All the blood ran to my feet and I thought my knees would give way. Luckily, Dr Shivershev still had hold of my arm.
‘Are you well enough to get home?’ he said. He must have felt my trembling.
‘I’m fine. I’m only tired. I think I shall go home and rest.’
‘Of course. It can’t have been easy speaking about all this. Try to be calm, please. Everything will work out, you’ll see.’ He glanced at my face and saw that my eyes were fixed on the new specimen. ‘Ah, I forget that you are a fellow medic! So of course you have noticed my latest addition.’
With my arm still in his grip, he guided me over to examine it.
‘This is an amazing piece, quite artfully removed. What we are looking at here is a uterus during pregnancy. The foetus is perfectly intact and, I think, between fourteen to sixteen weeks. Isn’t it spectacular?’ He pointed a stubby finger. ‘That part there is the placenta. It’s beautiful, really, don’t you think? Women truly are creators – look what they can grow inside them. No one can replicate their gift. It’s fascinating.’
He stared at it as if it were a piece of art. He really did believe it was beautiful – his eyes glistened and I’d never seen him so in awe. For my part, I felt nauseous. Sicker than sick. Mabel had been around that stage in her pregnancy when I’d passed her on to her abortionist. Was it possible that we were admiring the baby that had been cut from Mabel? My whole body quivered at this horrific thought. Was my grip on reality so weak that I had delivered Mabel into the hands of someone who had then carved her insides out? Had I done this? My mind was so thick with fog, I simply couldn’t think straight or sensibly.
‘Where did you get it?’ I said.
‘From a dealer in a coffee house. You’d be surprised what you can buy in such places.’
‘I doubt I’d be surprised, Doctor, not by that,’ I said. I looked along the rest of the shelves, filled with organs split in half, body parts, veins and arteries filled with wax. The shelves were cluttered with every part that could have been extracted; still, sombre and silent, like my women were now. Yet they had all belonged to living creatures with aspirations and fears. ‘What is it about these specimens that fascinates you so? You must have seen many cadavers opened up, why keep collecting?’
‘Didn’t you ever find the carcass of an animal and poke it with a stick as a child?’ asked Dr Shivershev, almost before I’d finished talking. He turned to look at me and smiled. ‘I am willing to wager that you did, Mrs Lancaster.’
‘Yes, I’m sure I did.’
‘Well, you tell me, what compelled you to keep poking, to keep looking, to roll the carcass over and see what was on the inside?’
‘Curiosity, intrigue, I wanted to understand…’

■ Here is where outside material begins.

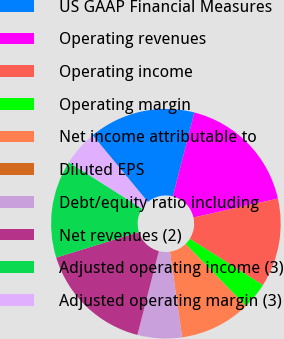<chart> <loc_0><loc_0><loc_500><loc_500><pie_chart><fcel>US GAAP Financial Measures<fcel>Operating revenues<fcel>Operating income<fcel>Operating margin<fcel>Net income attributable to<fcel>Diluted EPS<fcel>Debt/equity ratio including<fcel>Net revenues (2)<fcel>Adjusted operating income (3)<fcel>Adjusted operating margin (3)<nl><fcel>15.0%<fcel>17.5%<fcel>12.5%<fcel>3.75%<fcel>10.0%<fcel>0.01%<fcel>6.25%<fcel>16.25%<fcel>13.75%<fcel>5.0%<nl></chart>

‘So you have it,’ he interrupted. ‘You wanted to understand. And understanding is knowledge. Knowledge is progress, it doesn’t always make sense in the beginning, Mrs Lancaster. It can appear grotesque, amoral, perverse. It is difficult to imagine where the curiosity and intrigue will take you, but still, you want to see what’s on the inside because you wish to understand, you wish to know something.’
I thought of my macabre scrawling of the dead women’s last moments, and wondered if somehow, Dr Shivershev was talking about the same compulsion I had found in myself. The execution may be different, but the urges sounded as if they came from a similar place. He continued,
‘And why do we wish to understand, Mrs Lancaster?’
‘I don’t know, I… it is ultimately a selfish pursuit, I think. Perhaps to make ourselves feel better about … something.’
‘I think it is a way of fighting back?’
‘Against what?’
‘Not sure myself, you?’
‘I’m sure I don’t know.’
‘Well, if you find out, please let me know, I’ll spread the word, we can all move straight to confirming what this is all about and leave all the mess and blood and suffering that God seems compelled to throw at us and live in blissful rapture,’ he said.
‘Is she dead?’ I asked.
‘Who?’
Mabel, I nearly said. ‘The mother.’
‘Yes, of course.’ He laughed. ‘That’s the entire uterus.’ He tapped the glass. ‘And the cervix is that part there, it stretches out like the branch of a tree.’
‘How did the mother die?’
‘I have no idea. It was removed at autopsy. Besides, it’s not the mother I feel sympathy for.’
‘Why ever not?’ I looked at him, shocked by his lack of feeling.
‘There’s likely a man somewhere who lost a wife and child in one day. Now, I really must leave, Mrs Lancaster.’